Hint: There are two cases of the problem which we need to consider. Case I being when the faces of the cube are distinct. Case II being the Case when the faces of the cube are not distinct. Observe that the first Case is equivalent to the arrangement of 6 people in 6 seats. Use the fact that the arrangement of r people among n people in r places can be done in $^{n}{{P}_{r}}$. Hence determine the number of ways of colouring the cube in Case I. Observe that in Case II, 8 different combinations of Case I are actually only one distinct combination. Hence determine the number of ways of colouring the cube in Case II.

Complete step-by-step answer:
We need to consider two cases to solve the question:
Case I: When all the faces are considered to be distinct, e.g. the faces of a dice.
In this case, we can colour face 1 in 6 different ways, face 2 in 5 different ways(excluding the colour used in face 1), face 3 in 4 different ways, face 4 in 3 different ways, face 5 in 2 different ways and face 6 in one way.

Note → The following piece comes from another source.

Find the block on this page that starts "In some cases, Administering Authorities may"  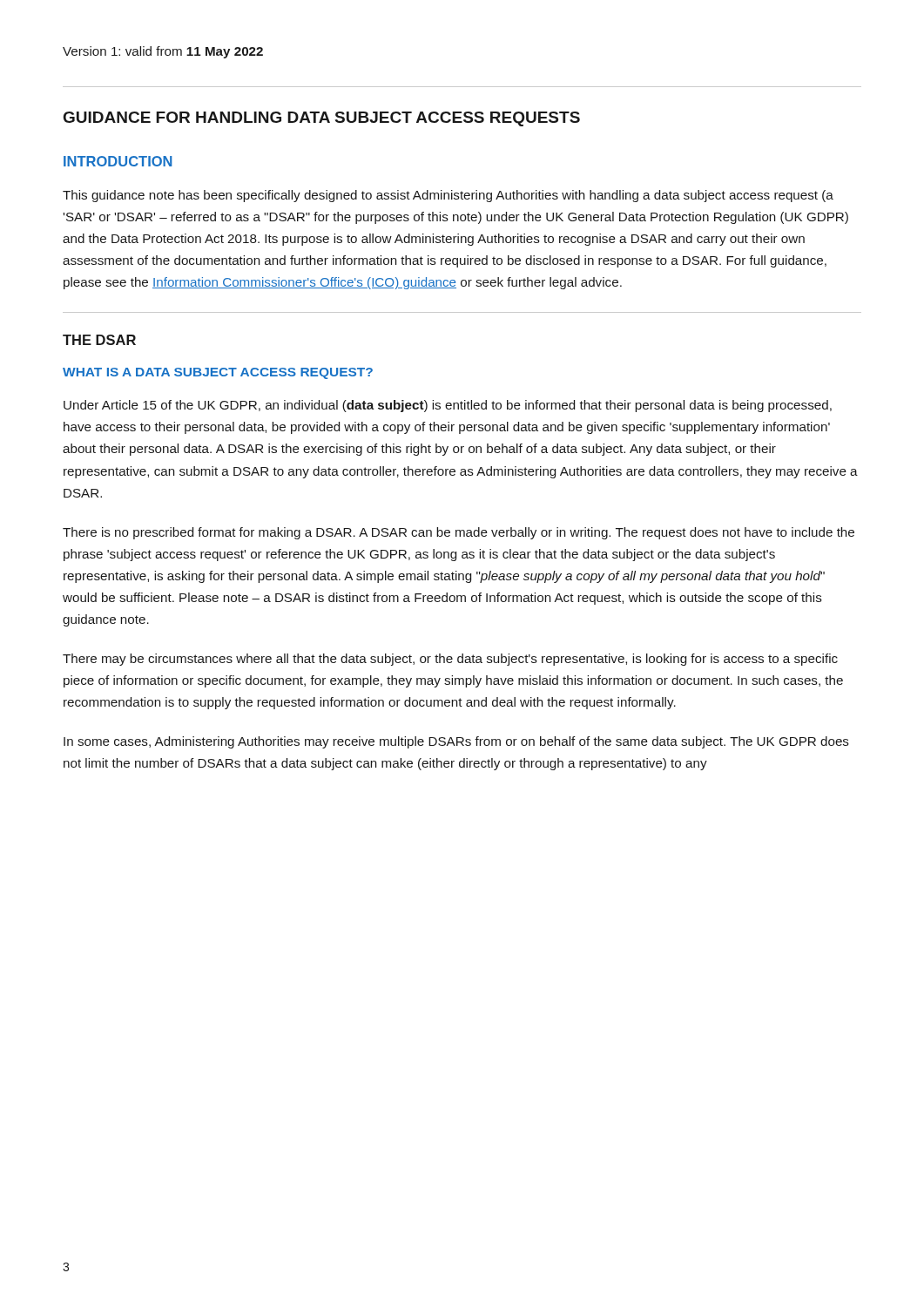tap(456, 752)

We know from the fundamental principle of counting if the number of ways in which we can do task A is m and the number of ways in which we can do task B is n, then the number of ways in which we can do both the tasks A and B is mn.

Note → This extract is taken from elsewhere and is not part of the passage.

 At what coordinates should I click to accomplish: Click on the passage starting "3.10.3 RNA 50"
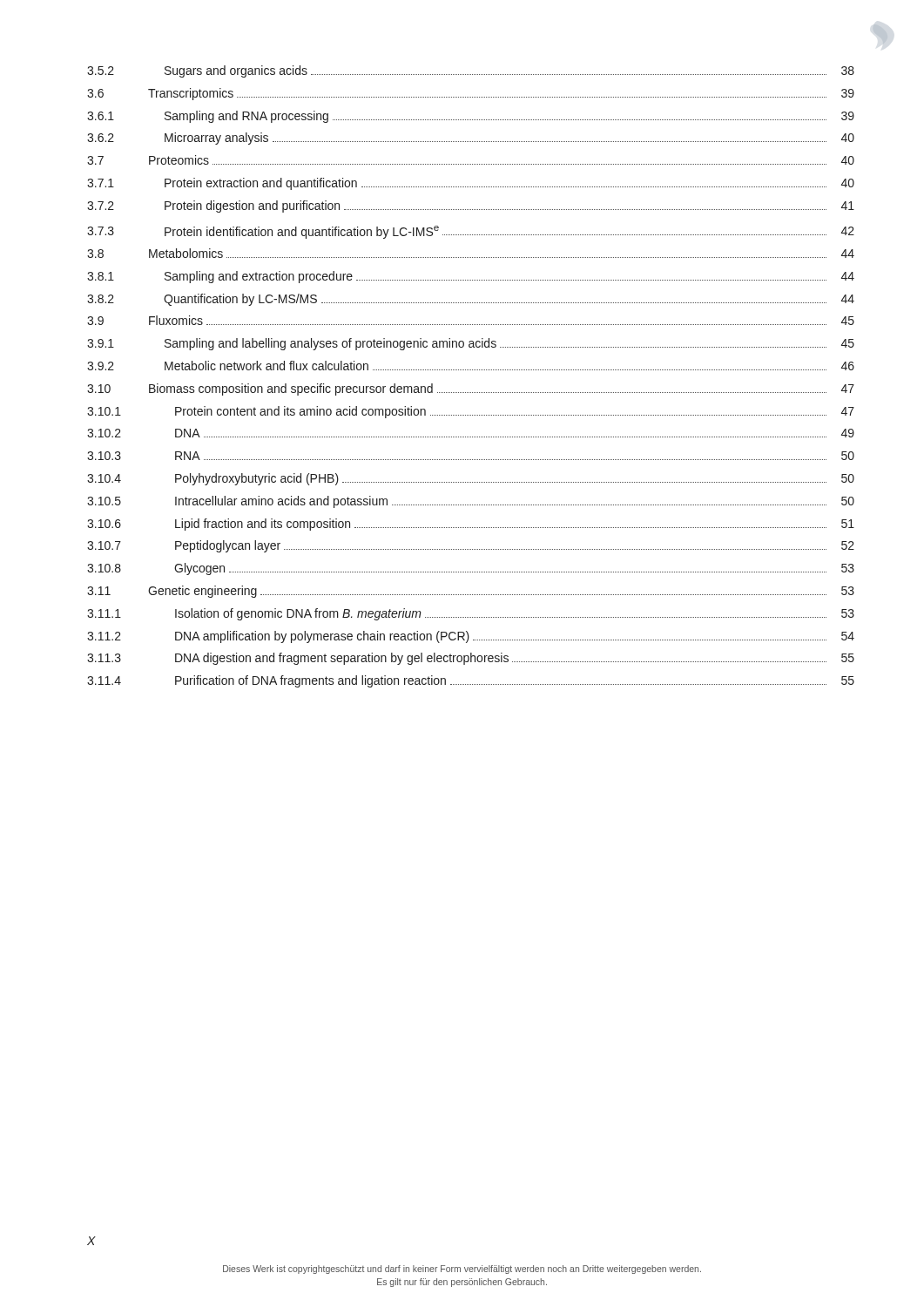[471, 457]

Hence by the fundamental principle of counting, the number of ways in which we can colour the cube is $6\times 5\times 4\times 3\times 2\times 1=6!$ ways.
Hence the number of ways of colouring the cube with 6 different colours is 6!.
Hence option [c] is correct.
Case II: In this case the faces of the cube are not distinct, i.e. the opposite faces of the cube are identical.
Since the opposite faces of the cube are identical, if we interchange the colours between them, the net colouring of the cube does not change. Now for every colouring of the cube, the interchange between opposite faces of the cube can be done in $2!\times 2!\times 2!=8$ ways.
Hence every combination of Case II is considered 8 times in Case I
Hence, we have
The number of ways of colouring the cube in Case II is $\dfrac{6!}{8}=90$
Hence option [d] is correct.

Note: [1] For exam purposes, if nothing about the cube is said, we consider the cube to be in Case II and hence option [d] will be correct. There is a common mistake of overcounting in the questions of permutations and combinations which many students make. This can be avoided by making a few combinations using the argument applied in solutions and checking for repetition.